→ PROBLEM DETAILS
Among the entries below, find the line with "doc.layers.add('Layer_1', color=7, linetype='CONTINUOUS')", then quote it and each following line up to and including the line with "msp.add_lwpolyline(points, dxfattribs=at)", and nothing else.

→ TASK DATA

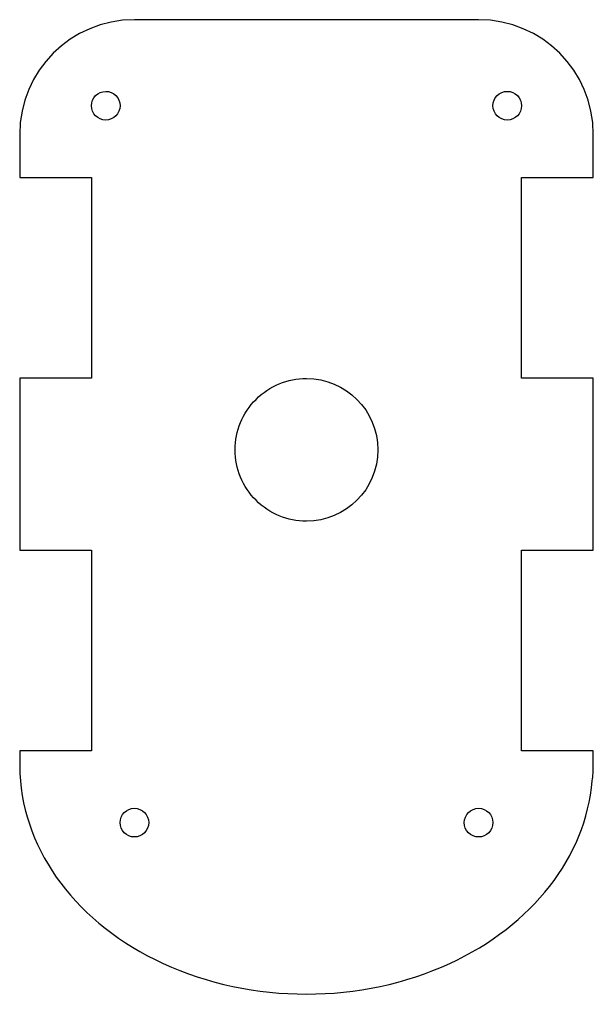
# Model space of a CAD drawing. Extents: x 50 to 250, y 57 to 400.
import ezdxf

# ---------------------------------------------------------------- set-up
doc = ezdxf.new("R2010")
doc.units = 0
doc.layers.add('Layer_1', color=7, linetype='CONTINUOUS')

msp = doc.modelspace()

# ---------------------------------------------------------------- linework, layer by layer
at = {"layer": 'Layer_1', "color": 7}
for points in [[(210.000099, 400.000187), (90.000189, 400.000187), (90.000189, 400.000187)], [(50.000048, 360.000047), (50.000048, 344.999929), (75.000071, 344.999929), (75.000071, 275.000067), (50.000048, 275.000067), (50.000048, 215.000114), (75.000071, 215.000114), (75.000071, 145.000262), (50.000048, 145.000262), (50.000048, 140.000034)], [(250.00024, 140.000034), (250.00024, 144.999733), (225.000217, 144.999733), (225.000217, 215.000114), (250.00024, 215.000114), (250.00024, 275.000067), (225.000217, 275.000067), (225.000217, 344.999929), (250.00024, 344.999929), (250.00024, 360.000047)]]:
    msp.add_lwpolyline(points, dxfattribs=at)
for points in [[(79.999768, 375.000165)], [(220.000004, 375.000165)], [(150.000145, 274.87966)], [(90.000189, 124.999932)], [(210.000099, 124.999932)]]:
    msp.add_lwpolyline(points, close=True, dxfattribs=at)
for points in [[(90.000189, 400.000187), (67.840206, 400.000187), (50.000048, 382.160007), (50.000048, 360.000047)], [(250.00024, 360.000047), (250.00024, 382.160007), (232.160085, 400.000187), (210.000099, 400.000187)], [(75.000071, 369.999952), (74.999954, 372.76134), (77.23838, 374.999997), (79.999768, 375.000165)], [(79.999768, 375.000165), (81.325924, 375.000221), (82.59778, 374.473432), (83.535514, 373.535699)], [(216.46426, 373.535698), (217.401993, 374.473431), (218.673849, 375.00022), (220.000004, 375.000165)], [(220.000004, 375.000165), (221.32616, 375.000221), (222.598017, 374.473432), (223.53575, 373.535699)], [(83.535514, 373.535699), (84.473248, 372.597965), (85.000036, 371.326108), (84.99998, 369.999952)], [(214.999795, 369.999952), (214.999739, 371.326108), (215.526527, 372.597964), (216.46426, 373.535698)], [(223.53575, 373.535699), (224.473484, 372.597965), (225.000273, 371.326108), (225.000217, 369.999952)], [(79.999768, 365.000256), (77.238581, 365.000424), (75.000239, 367.238766), (75.000071, 369.999952)], [(84.99998, 369.999952), (84.999812, 367.238564), (82.761156, 365.000139), (79.999768, 365.000256)], [(220.000004, 365.000256), (217.238617, 365.00014), (214.999963, 367.238566), (214.999795, 369.999952)], [(225.000217, 369.999952), (225.000049, 367.238564), (222.761392, 365.000139), (220.000004, 365.000256)], [(132.407321, 267.592722), (137.073256, 272.25856), (143.401588, 274.879751), (150.000145, 274.87966)], [(150.000145, 274.87966), (163.740732, 274.879563), (174.879657, 263.740639), (174.879762, 250.000043)], [(125.120009, 250.000043), (125.12006, 256.598605), (127.741386, 262.926884), (132.407321, 267.592722)], [(132.407321, 232.407364), (127.741386, 237.073202), (125.12006, 243.401481), (125.120009, 250.000043)], [(174.879762, 250.000043), (174.879657, 236.259448), (163.740732, 225.120523), (150.000145, 225.120426)], [(150.000145, 225.120426), (143.401588, 225.120335), (137.073256, 227.741527), (132.407321, 232.407364)], [(50.000048, 140.000034), (50.000048, 139.033062), (50.036068, 138.074688), (50.102883, 137.125284)], [(249.632305, 134.550755), (249.872963, 136.332142), (250.00024, 138.150623), (250.00024, 140.000034)], [(50.102883, 137.125284), (51.340476, 109.663561), (70.194379, 84.642167), (100.006815, 70.896769)], [(199.985207, 70.896769), (228.771136, 84.201559), (247.381121, 108.061961), (249.632305, 134.550755)], [(84.99998, 120.000233), (85.000146, 122.761621), (87.238801, 125.000048), (90.000189, 124.999932)], [(90.000189, 124.999932), (92.761377, 124.999765), (94.999719, 122.761421), (94.999886, 120.000233)], [(204.999886, 120.000233), (205.000053, 122.761622), (207.23871, 125.000049), (210.000099, 124.999932)], [(210.000099, 124.999932), (212.761286, 124.999765), (214.999629, 122.761421), (214.999795, 120.000233)], [(86.464439, 116.464478), (85.526706, 117.402215), (84.999919, 118.674075), (84.99998, 120.000233)], [(94.999886, 120.000233), (95.000011, 117.238839), (92.761583, 115.000173), (90.000189, 115.000005)], [(206.464347, 116.464477), (205.526613, 117.402214), (204.999826, 118.674075), (204.999886, 120.000233)], [(214.999795, 120.000233), (214.999921, 117.238839), (212.761493, 115.000173), (210.000099, 115.000005)], [(90.000189, 115.000005), (88.674031, 114.99995), (87.402173, 115.526741), (86.464439, 116.464478)], [(210.000099, 115.000005), (208.67394, 114.999949), (207.402081, 115.52674), (206.464347, 116.464477)], [(100.006815, 70.896769), (130.94023, 56.642331), (169.051792, 56.642331), (199.985207, 70.896769)]]:
    msp.add_open_spline(points, degree=3, dxfattribs=at)

doc.saveas('drawing.dxf')

→ YOUR RESPONSE
doc.layers.add('Layer_1', color=7, linetype='CONTINUOUS')

msp = doc.modelspace()

# ---------------------------------------------------------------- linework, layer by layer
at = {"layer": 'Layer_1', "color": 7}
for points in [[(210.000099, 400.000187), (90.000189, 400.000187), (90.000189, 400.000187)], [(50.000048, 360.000047), (50.000048, 344.999929), (75.000071, 344.999929), (75.000071, 275.000067), (50.000048, 275.000067), (50.000048, 215.000114), (75.000071, 215.000114), (75.000071, 145.000262), (50.000048, 145.000262), (50.000048, 140.000034)], [(250.00024, 140.000034), (250.00024, 144.999733), (225.000217, 144.999733), (225.000217, 215.000114), (250.00024, 215.000114), (250.00024, 275.000067), (225.000217, 275.000067), (225.000217, 344.999929), (250.00024, 344.999929), (250.00024, 360.000047)]]:
    msp.add_lwpolyline(points, dxfattribs=at)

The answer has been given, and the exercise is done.